The evaluation into the first two years of the Peterborough pilot found that it was a success and that reoffending among those who took part was around 9 per cent lower than a control group. The minimum threshold for a payment by results payment was 7.5 per cent, so the investors would have received a return on their money.
The pilot teaches us several things:
- Well-funded, tailored services that focus on individual need and engage positively with people can reduce or even halt offending.
- People who volunteer to receive help are more likely to succeed in desisting.
- Social impact bonds are neither a ridiculous nor ground-breaking idea. This project did not elicit huge support from the City or pension funds as was intended and may indeed have been counter-productive as these investors are not just looking for a return but on certainty and Chris Grayling’s abandonment of the project would have destabilised the social impact bond experience.

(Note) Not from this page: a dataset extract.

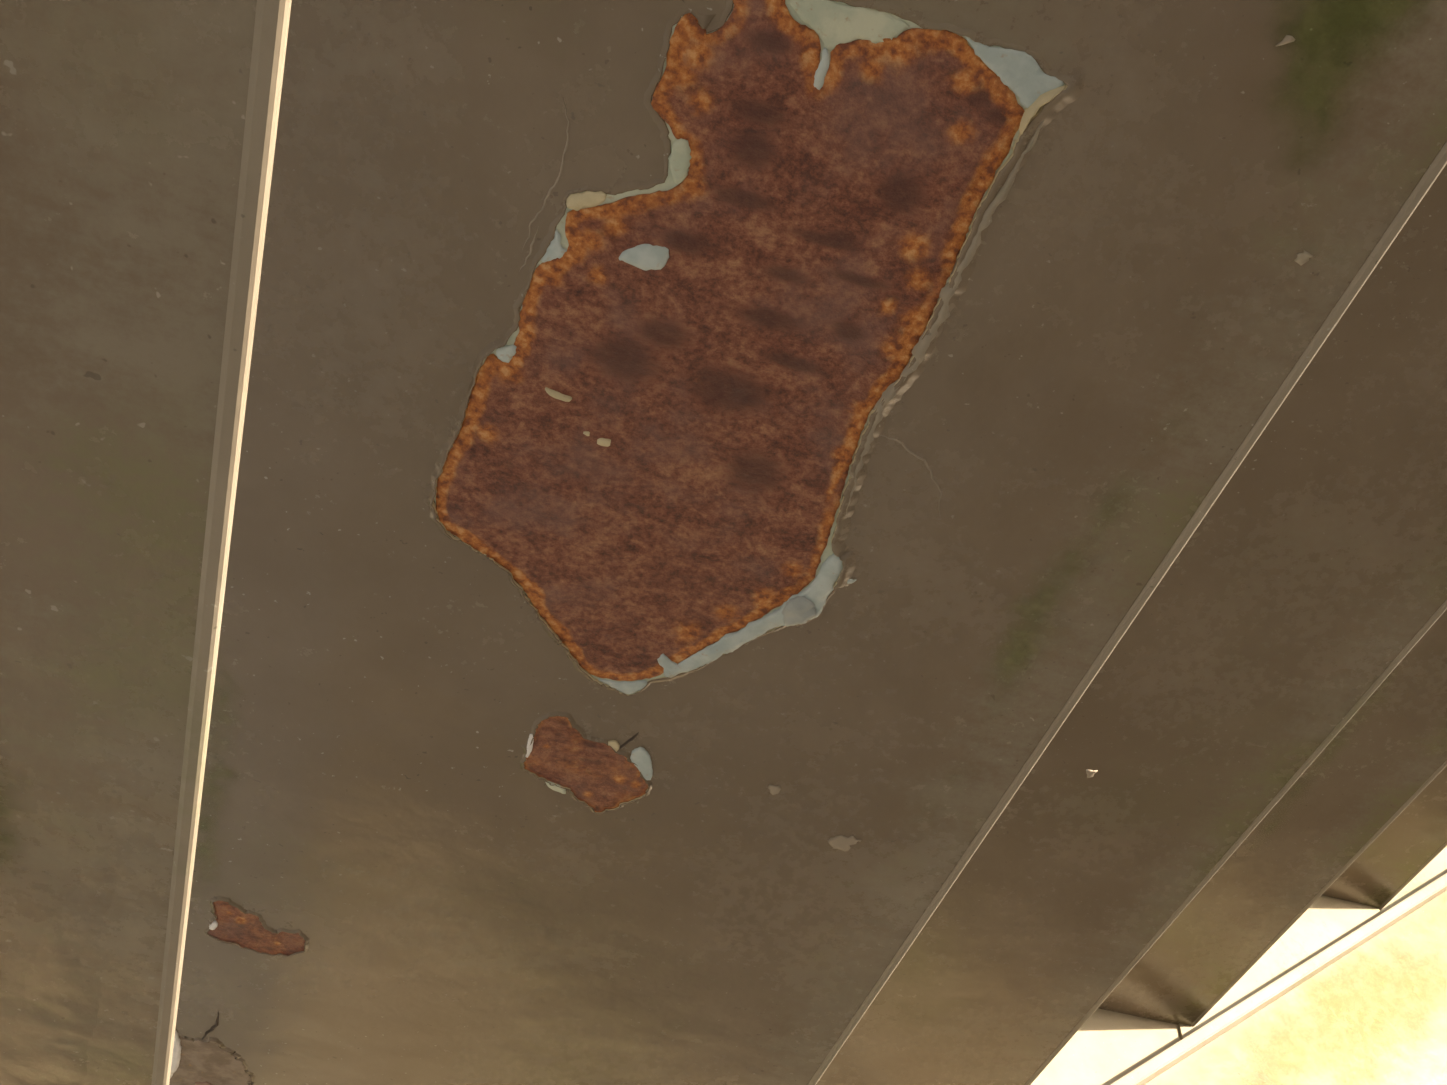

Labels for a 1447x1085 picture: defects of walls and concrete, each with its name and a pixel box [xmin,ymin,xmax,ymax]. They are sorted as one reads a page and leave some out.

rust [427,0,1086,696]
rust [520,711,653,814]
rust [204,896,309,957]
peeling [169,1011,255,1085]
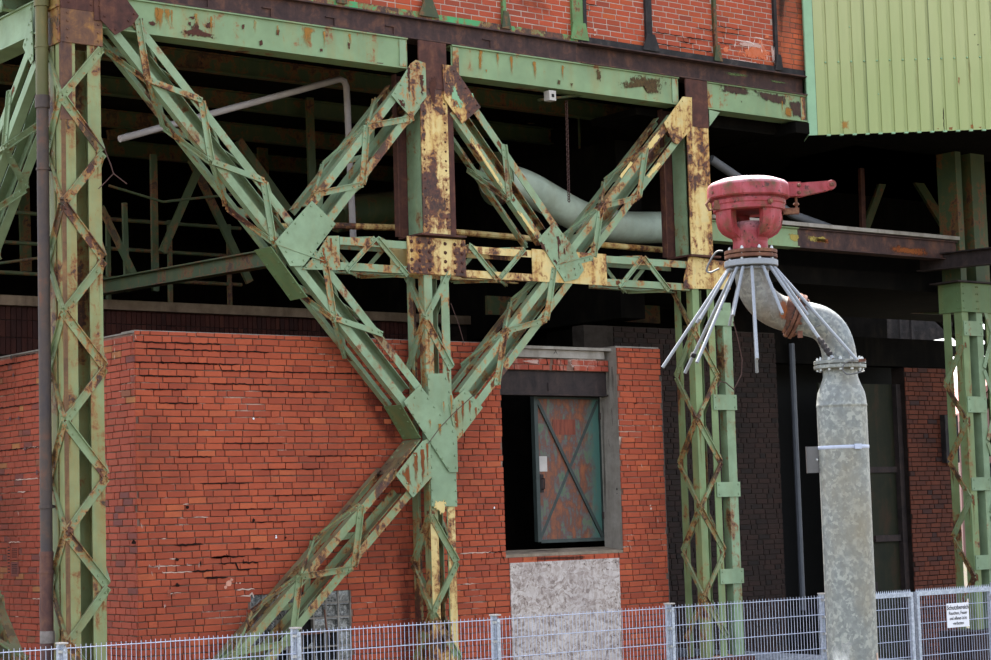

- Whether a social impact bond for helping former prisoners is cheaper than just financing such services properly through public finance (taxation) isn’t clear.
The majority of funding for this project came from a small group of charitable trusts and the Big Lottery, who often fund this sort of pilot without the lure of PbR. There’s nothing in the results which suggest that had the charities that provided the services been paid through a grant from these trusts, the outcomes would have been any different.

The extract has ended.